はじめに
今回は、ChromeOS Flexを導入する際に拡張機能による標準のインストールでリカバリユーティリティが進行しない問題について書いていきます。
管理者権限でのGoogle Chrome実行でもできない場合、以下の可能性があります。
- 自動ダウンロード時のインターネットトラブル
- 解凍処理のセキュリティとの競合
- 省電力モードや最適化によるもの
結論から言うと、解決策は、あらかじめZIPをダウンロードしておき、右上の歯車メニューから「ローカルイメージ」を手動指定するという方法です。
1.環境セクション
- OS:Windows11
- CPU:Intel(R) Core(TM) Ultra 7 155U (2.10 GHz)
- メディア:KIOXIA USBメモリ
- ツール:Chromebook リカバリユーティリティ
3. 異常挙動の観察と切り分け
解決に至るまでに観察した、一般的なソフトウェアトラブルとは異なる「特異な挙動」を記録します。
3.1 物理的な挙動:CPUファンの停止
PCの電源プランを「最大パフォーマンス」に設定し、通常であれば高負荷がかかるはずの書き込みプロセスにおいて、以下の現象が発生しました。
現象: 「作成開始」をクリックした直後、それまで回転していたCPUファンが完全に停止した。
推察: CPU使用率が極端に低下しているか、ツール自体がOSのスケジューリングから外れ、デッドロック(処理の停滞)に陥っている可能性が高い。
3.2 システム的な挙動:UAC(ユーザーアカウント制御)の矛盾
Windowsの権限昇格プロセスの反応を比較した結果、ツールの特定のフローに問題があることが判明しました。
メディアの消去時: 正常にUACのポップアップが出現し、管理者認証後に処理が進行する。
リカバリメディア作成時: 認証を求めるダイアログが出現せず、進捗バーが0%のまま完全にスタックする。
切り分け結果: 「USBデバイスへのアクセス権限」そのものではなく、「ダウンロードデータの解凍・展開プロセス」とWindows 11(特に最新の2025年モデルにおける省電力/セキュリティ制御)の相性に起因すると推測。
3.3 待機時間の検証
試行: 無反応の状態で15分間の放置を行ったが、進捗バーおよびリソースモニター上のディスク書き込み量に変化は見られなかった。

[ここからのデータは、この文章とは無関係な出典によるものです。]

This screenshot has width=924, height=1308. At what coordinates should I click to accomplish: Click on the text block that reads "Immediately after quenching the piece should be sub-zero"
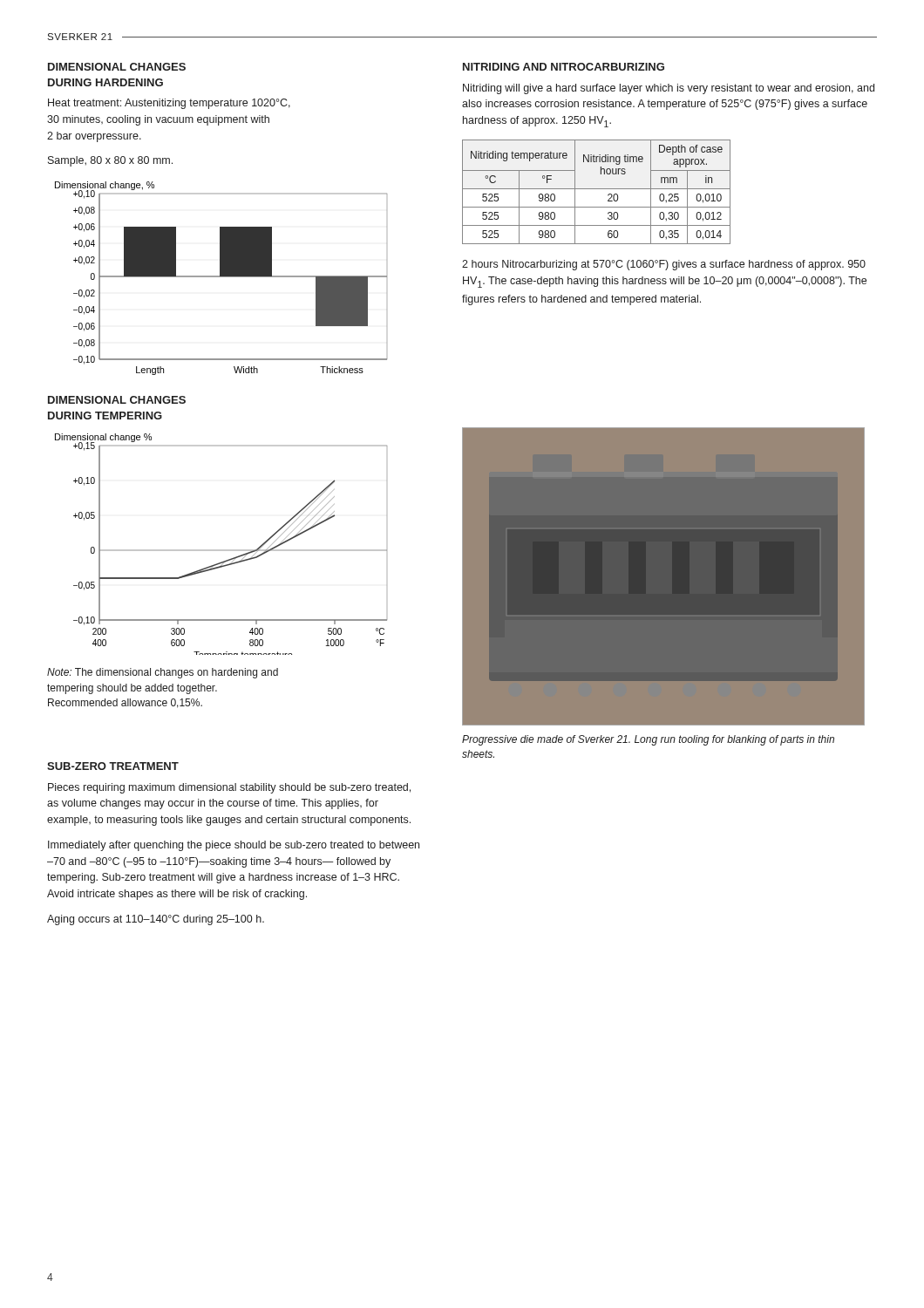(234, 869)

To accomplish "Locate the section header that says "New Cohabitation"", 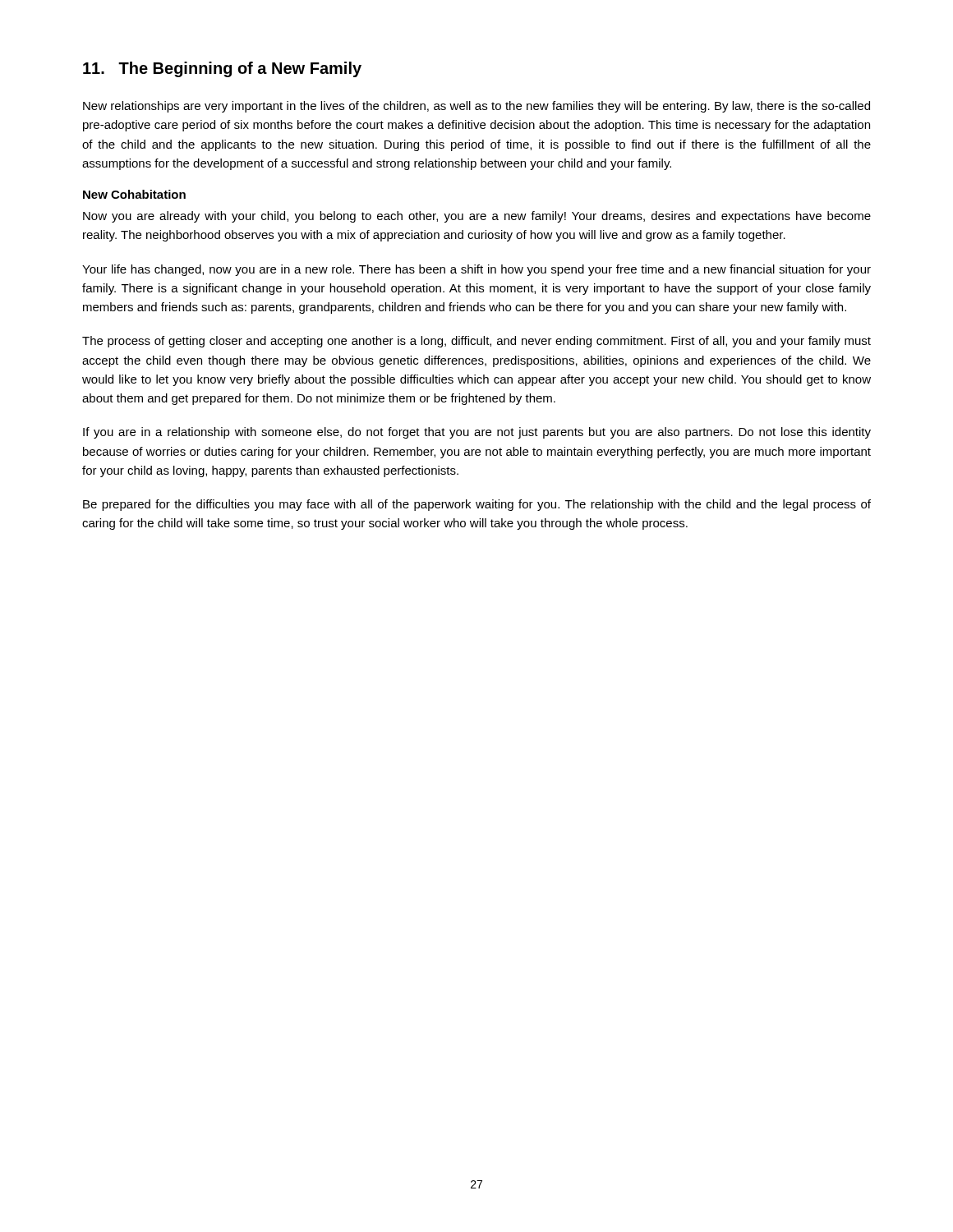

結論: 単なる「処理の遅延」ではなく、内部プロセスがハングアップしていると断定。
4. 解決策:ローカルイメージの直接指定
標準の自動ダウンロード機能を使用せず、イメージファイルを事前に用意してツールに読み込ませることで、スタック問題を回避しました。
STEP 1:公式イメージのダウンロード
Googleの公式サーバーから最新のChromeOS Flexイメージを取得します。
ダウンロード: ChromeOS Flex イメージ (最新版)
※約1.3GBのzipファイルがダウンロードされます。解凍せずそのままで構いません。
STEP 2:リカバリ ユーティリティの設定変更
「Chromebook リカバリ ユーティリティ」を起動します。
画面右上の [歯車アイコン] をクリックします。
メニューから [ローカルイメージを使用] を選択します。
先ほどダウンロードしたzipファイルを選択します。
STEP 3:書き込みの実行
使用するUSBメモリ(今回はKIOXIA製)を選択します。
「今すぐ作成」をクリックします。
結果: 0%で止まっていたのが嘘のように進捗バーが動き出し、CPUファンも回転。正常に書き込みが完了しました。
5. 考察と代替案
5.1 原因の推察
今回のトラブル(0%停止およびファン停止)は、以下の要因が複合的に絡み合った結果だと推測されます。
リソース競合: 最新PC(2025年モデル)の省電力制御が、ツールの「ダウンロード完了待ち」を「アイドル状態」と誤認した可能性。
プロセスのハング: ツール内部での「zip解凍」と「管理者権限での書き込み開始」の受け渡しが、最新のWindows 11セキュリティ設定によりブロックされた。
「ローカルイメージ」を使用することで、不安定なネットワーク/解凍プロセスをスキップし、直接「書き込み」プロセスへ移行できたことが成功の鍵でした。
5.2 代替案:これでも解決しない場合
もし上記手順でも停止する場合は、サードパーティ製のライティングソフトである Rufus の使用を推奨します。Google公式ではありませんが、ISO/BINイメージをUSBに展開する能力が非常に高く、今回ダウンロードしたイメージファイルを使って同様にインストーラーを作成可能です。